By Mark Brazil | Apr 20, 2017

From water shrews to whiskered bats and tree-climbing long-haired rats, and from sea otters and stoats to bears, macaques and boars, Japan has a wonderful mammalian bestiary. Amphibians and reptiles abound too, from diminutive tree frogs to giant salamanders – enough to keep any mammal watcher or herpetologist busy from Okinawa to Hokkaido, and new species continue to be found. The explorations of fossil hunters continue to add also to Japan’s known ancient biodiversity, which already ranges from dinosaurs to mammoths. With thousands of islands to explore, there is so much natural history here to unearth – living and dead.  

There is of course, as any observant traveller through these isles will attest, another somewhat bewildering side to Japan’s natural history – its “un-natural history.”

Mythical creatures roam this archipelago from mountaintops to ocean deeps. Are they cultural fossils, remnants of past oral traditions telling of creatures that really once lived here?

Do folklore and fable tap into our deep consciousness of creatures past that once frightened and perhaps even fed on our distant ancestors? Into this category we might list both elephant and tiger, as their depictions can be found at numerous shrines around Japan. We know that they roamed here once many thousands of years ago; could they actually be ‘remembered’?  Or are they instead flights of fancy, figments of imagination, contrived merely to teach a new generation a collective lore containing information and wisdom, teaching what to respect and what to fear. Why though do we find depictions of elephants and tigers, but not of boars and bears, swans, snakes or bats?

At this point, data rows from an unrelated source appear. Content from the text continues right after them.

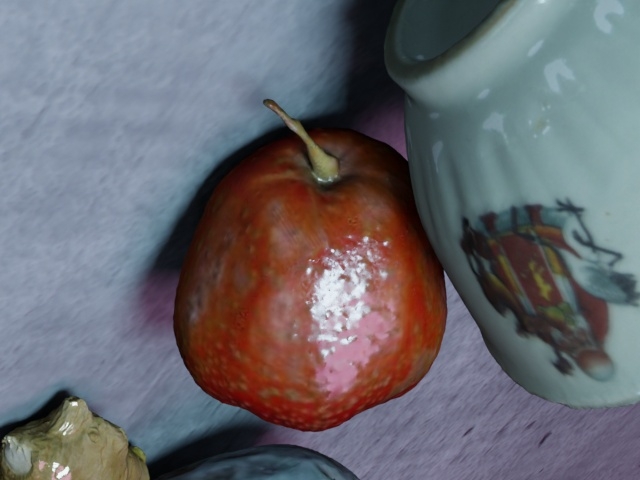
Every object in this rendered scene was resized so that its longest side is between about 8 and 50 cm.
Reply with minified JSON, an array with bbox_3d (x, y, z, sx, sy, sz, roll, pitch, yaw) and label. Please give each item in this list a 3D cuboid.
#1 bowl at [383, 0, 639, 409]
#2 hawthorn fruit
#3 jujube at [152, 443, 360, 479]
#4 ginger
[{"bbox_3d":[0.136,-0.102,0.810,0.157,0.337,0.337,33,113,-22],"label":"bowl"},{"bbox_3d":[0.000,0.000,0.906,0.162,0.162,0.203,-17,131,-38],"label":"hawthorn fruit"},{"bbox_3d":[-0.083,0.291,1.151,0.308,0.246,0.215,-26,162,12],"label":"jujube"},{"bbox_3d":[-0.155,0.158,1.034,0.096,0.067,0.165,-57,158,-11],"label":"ginger"}]
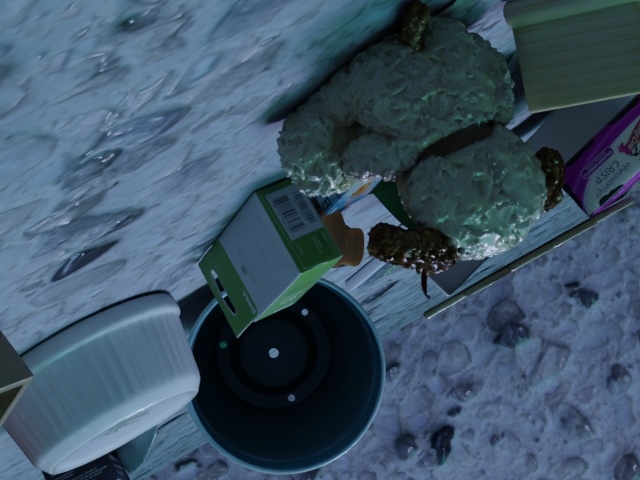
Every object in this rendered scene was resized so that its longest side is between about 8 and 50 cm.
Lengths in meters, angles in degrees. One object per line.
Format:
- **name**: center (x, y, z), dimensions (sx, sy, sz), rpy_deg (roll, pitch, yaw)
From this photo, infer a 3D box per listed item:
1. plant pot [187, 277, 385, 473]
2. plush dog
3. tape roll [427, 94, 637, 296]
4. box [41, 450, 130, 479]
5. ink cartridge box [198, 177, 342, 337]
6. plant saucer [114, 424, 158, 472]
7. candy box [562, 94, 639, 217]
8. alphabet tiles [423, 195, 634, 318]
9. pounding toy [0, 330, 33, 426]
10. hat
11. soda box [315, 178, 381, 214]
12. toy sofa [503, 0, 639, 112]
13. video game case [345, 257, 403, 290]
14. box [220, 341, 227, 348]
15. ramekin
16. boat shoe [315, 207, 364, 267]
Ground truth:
- **plant pot**: center (-0.061, 0.169, 2.062), dimensions (0.272, 0.271, 0.255), rpy_deg (-30, -175, -4)
- **plush dog**: center (0.121, -0.088, 1.361), dimensions (0.262, 0.225, 0.210), rpy_deg (-27, 169, -20)
- **tape roll**: center (0.282, -0.084, 1.995), dimensions (0.392, 0.072, 0.392), rpy_deg (-47, 176, -4)
- **box**: center (-0.343, 0.288, 2.034), dimensions (0.093, 0.158, 0.156), rpy_deg (-27, 170, -6)
- **ink cartridge box**: center (-0.063, 0.022, 1.701), dimensions (0.062, 0.109, 0.209), rpy_deg (-23, 167, -31)
- **plant saucer**: center (-0.259, 0.222, 2.024), dimensions (0.037, 0.195, 0.195), rpy_deg (15, 150, -19)
- **candy box**: center (0.386, -0.120, 1.748), dimensions (0.159, 0.071, 0.233), rpy_deg (-46, 170, 28)
- **alphabet tiles**: center (0.255, 0.026, 1.846), dimensions (0.285, 0.011, 0.342), rpy_deg (-30, 176, 2)
- **pounding toy**: center (-0.399, 0.162, 1.515), dimensions (0.130, 0.100, 0.141), rpy_deg (-19, 154, -50)
- **hat**: center (0.154, -0.028, 1.864), dimensions (0.208, 0.183, 0.173), rpy_deg (-27, 170, -18)
- **soda box**: center (0.045, -0.097, 1.562), dimensions (0.058, 0.063, 0.183), rpy_deg (-25, 168, -29)
- **toy sofa**: center (0.351, -0.252, 1.547), dimensions (0.150, 0.177, 0.362), rpy_deg (-7, -172, 40)
- **video game case**: center (0.153, 0.016, 2.526), dimensions (0.173, 0.022, 0.190), rpy_deg (-21, 166, -41)
- **box**: center (-0.158, 0.236, 2.462), dimensions (0.043, 0.105, 0.179), rpy_deg (-24, 168, -30)
- **ramekin**: center (-0.275, 0.187, 1.836), dimensions (0.273, 0.127, 0.273), rpy_deg (-30, 170, -6)
- **boat shoe**: center (0.000, 0.000, 1.885), dimensions (0.073, 0.073, 0.207), rpy_deg (8, 171, 15)
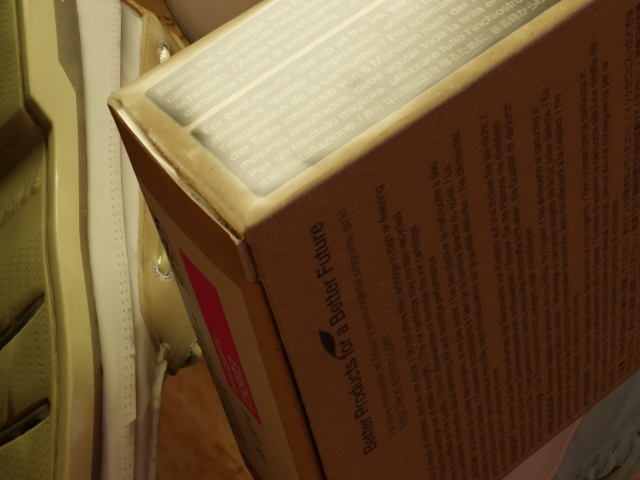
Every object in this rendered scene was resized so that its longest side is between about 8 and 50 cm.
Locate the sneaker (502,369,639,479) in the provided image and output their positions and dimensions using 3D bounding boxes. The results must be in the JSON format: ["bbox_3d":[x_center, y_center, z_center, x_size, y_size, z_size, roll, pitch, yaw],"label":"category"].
[{"bbox_3d":[0.143,0.088,0.721,0.150,0.135,0.366,49,46,-8],"label":"sneaker"}]

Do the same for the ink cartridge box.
[{"bbox_3d":[0.046,-0.001,0.513,0.193,0.234,0.088,-33,53,-17],"label":"ink cartridge box"}]

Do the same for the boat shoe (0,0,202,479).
[{"bbox_3d":[-0.089,0.023,0.558,0.103,0.113,0.302,12,65,-39],"label":"boat shoe"}]

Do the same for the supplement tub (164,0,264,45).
[{"bbox_3d":[0.085,-0.210,0.696,0.235,0.235,0.325,52,48,-9],"label":"supplement tub"}]
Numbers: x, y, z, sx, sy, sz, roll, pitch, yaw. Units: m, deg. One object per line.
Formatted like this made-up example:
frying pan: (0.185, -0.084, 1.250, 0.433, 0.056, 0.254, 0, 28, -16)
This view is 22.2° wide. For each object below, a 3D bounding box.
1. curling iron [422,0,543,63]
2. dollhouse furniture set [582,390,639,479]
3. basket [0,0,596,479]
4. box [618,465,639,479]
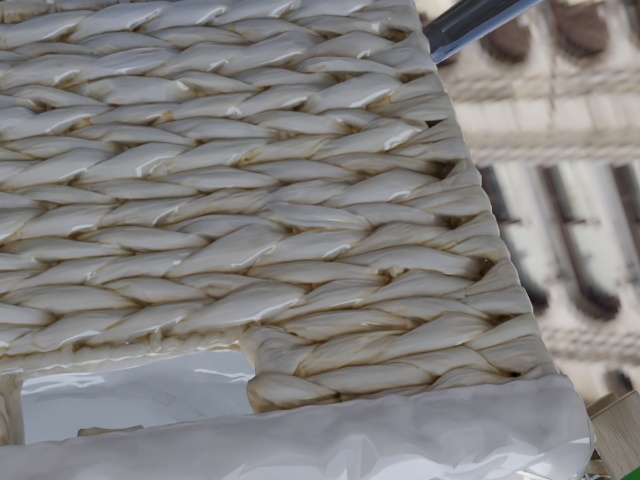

As thunder storms roll and rattle around Japan’s alpine peaks, as typhoon clouds unleash curtains of rain that lash and batter at the archipelago, and as winter winds howl between branches and shake the forest canopy, the rocks and trees themselves creak and groan alarmingly as if they are fearful of what attacks them.

Wind gusts batter; rocks boom and smash and branches fall; trunks crack and burst. Storm waves crash and surge, seemingly intent on devouring the coast. The ground moves beneath us, literally, shaken by massive quakes; earth trembles and slips; slick mud slides; snow avalanches.

Wall-like tsunami arise and hurtle ashore like bullet train battering rams, destroying all in their path. Mountains burst into life vomiting lava, ash, and unwholesome, even deadly, gases. The percussive cacophony of storms in the mountains or on the coast, the immense powers shaking the Earth and driving walls of water ashore are terrifying – even when their causes are well understood.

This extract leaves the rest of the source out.